# Painting Metal Door



## JKnight9 (Sep 15, 2008)

Before I paint a metal door, should I sand or prime it? I don't want to have to come back and re-do the job later either.
Also if I remember correctly, I need to use latex paint, right?


----------



## Bushytails (Sep 17, 2008)

This question sounds very familiar....

If the existing paint is in good condition, then you can paint over it.  If there's any bare metal or rust, you'll need to strip and prime at least those areas.  If it's in poor shape, sandblast the whole door.  Oil-based paints are typically much better on metal than latex, but test for compatibility somewhere on the back side first if you're painting over the original paint.

--Bushytails


----------



## BPJOOP93 (Sep 17, 2008)

please dont sandblast the garage door. the steel is far too thin and probably blow holes in it.clean and degrease , scuff surface, prime,paint. use a good oil base or automotice single stage paint.  if there is rust wire brush it lightly and use naval jelly or extends . it counteracts with rust and chemically stops it. do this before priming.


----------



## Bushytails (Sep 17, 2008)

Sandblasting is a controllable process...  I have sandblasted small, delicate parts with no problems.  If you want to use a wire brush on 150 square feet of metal, be my guest, but that's sure not how I would do it.  

--Bushytails


----------



## 4wheelsonline (Dec 28, 2009)

JKnight9 said:


> Before I paint a metal door, should I sand or prime it?

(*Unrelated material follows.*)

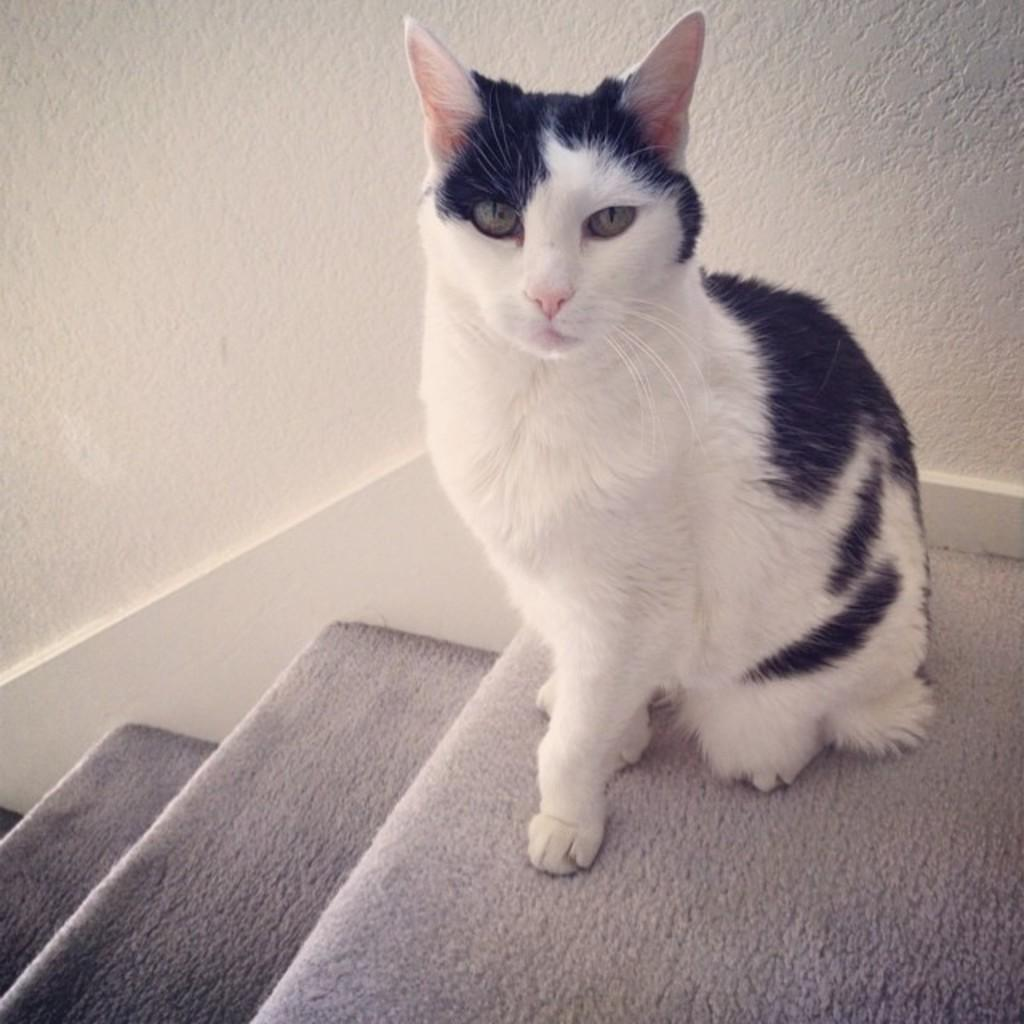What type of animal is in the image? There is a cat in the image. Where is the cat located? The cat is on the floor. What architectural feature can be seen in the image? There are steps in the image. What is visible in the background of the image? There is a wall visible in the background of the image. What type of cup is the cat holding in the image? There is no cup present in the image; the cat is on the floor. What type of approval is the cat seeking in the image? The image does not depict the cat seeking any approval; it is simply a cat on the floor.

I don't want to have to come back and re-do the job later either.
> Also if I remember correctly, I need to use latex paint, right?

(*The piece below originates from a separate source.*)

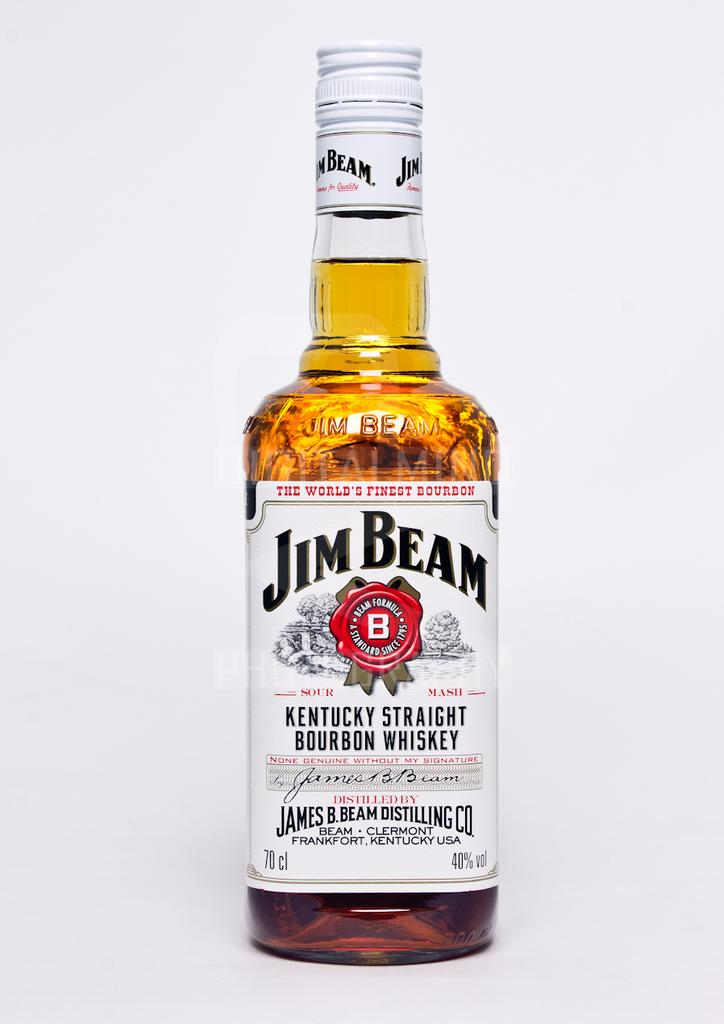<image>
Present a compact description of the photo's key features. A bottle of Jim Beam sits by itself.

If the paint is still good condition don't change it yet. You can clean for it first if you want to change color. Color combination is good for every garage.


----------



## Gman (Jan 4, 2010)

unless your garage door is in really bad shape. just pressure wash and paint with latex exterior paint.


----------



## imported_frozenstar (Feb 1, 2010)

I hope the thread starter should've indicated if he's painting a new metal door or an old one... The responses would be more precise if he do so.


----------